The whole listing below is to be copied exactly, with every picture left out.

-- Provided data follows --

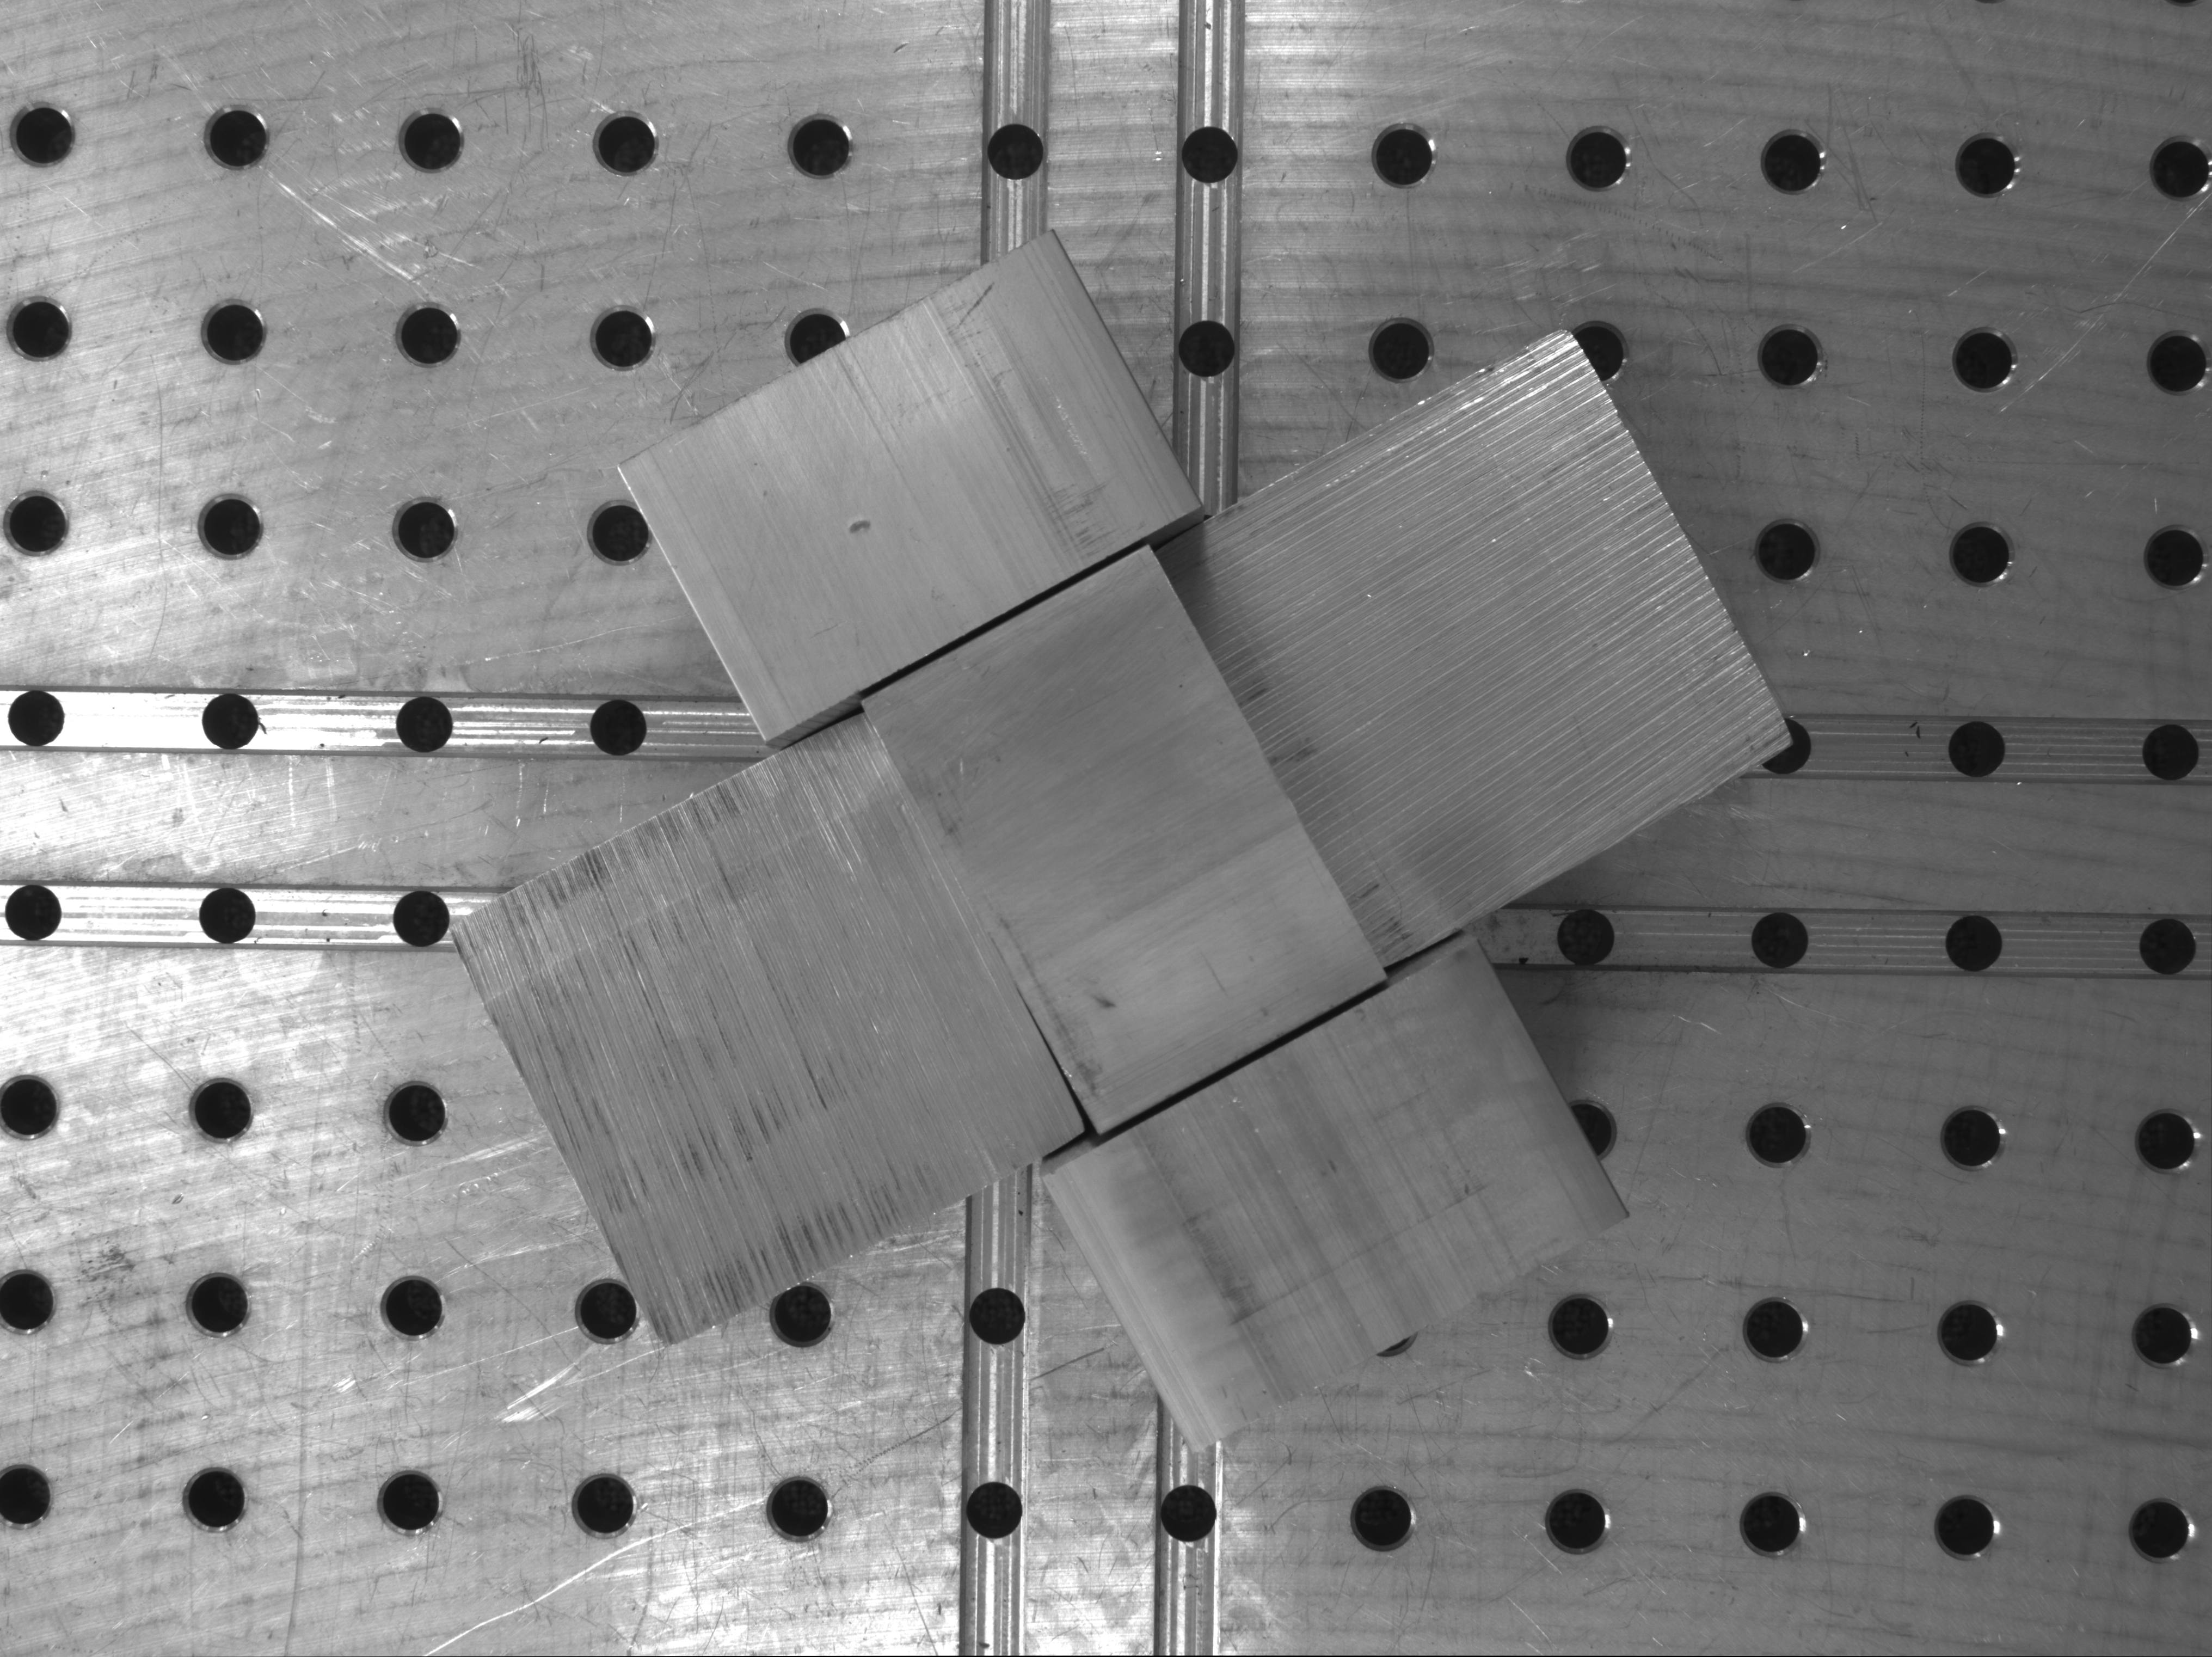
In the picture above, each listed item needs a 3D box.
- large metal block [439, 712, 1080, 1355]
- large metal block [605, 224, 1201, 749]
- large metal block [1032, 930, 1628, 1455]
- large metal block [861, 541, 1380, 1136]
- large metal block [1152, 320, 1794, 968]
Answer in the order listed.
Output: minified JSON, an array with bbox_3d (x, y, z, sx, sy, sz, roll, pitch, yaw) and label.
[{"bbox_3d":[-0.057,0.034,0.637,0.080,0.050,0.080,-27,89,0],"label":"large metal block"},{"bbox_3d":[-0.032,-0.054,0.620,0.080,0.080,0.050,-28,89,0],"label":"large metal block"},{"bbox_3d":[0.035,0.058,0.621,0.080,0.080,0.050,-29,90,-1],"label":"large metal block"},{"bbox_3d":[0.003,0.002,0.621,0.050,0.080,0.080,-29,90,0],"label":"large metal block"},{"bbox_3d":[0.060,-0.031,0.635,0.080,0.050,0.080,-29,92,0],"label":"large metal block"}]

-- Provided data concluded --

*Task response*:
In the picture above, each listed item needs a 3D box.
- large metal block [439, 712, 1080, 1355]
- large metal block [605, 224, 1201, 749]
- large metal block [1032, 930, 1628, 1455]
- large metal block [861, 541, 1380, 1136]
- large metal block [1152, 320, 1794, 968]
Answer in the order listed.
Output: minified JSON, an array with bbox_3d (x, y, z, sx, sy, sz, roll, pitch, yaw) and label.
[{"bbox_3d":[-0.057,0.034,0.637,0.080,0.050,0.080,-27,89,0],"label":"large metal block"},{"bbox_3d":[-0.032,-0.054,0.620,0.080,0.080,0.050,-28,89,0],"label":"large metal block"},{"bbox_3d":[0.035,0.058,0.621,0.080,0.080,0.050,-29,90,-1],"label":"large metal block"},{"bbox_3d":[0.003,0.002,0.621,0.050,0.080,0.080,-29,90,0],"label":"large metal block"},{"bbox_3d":[0.060,-0.031,0.635,0.080,0.050,0.080,-29,92,0],"label":"large metal block"}]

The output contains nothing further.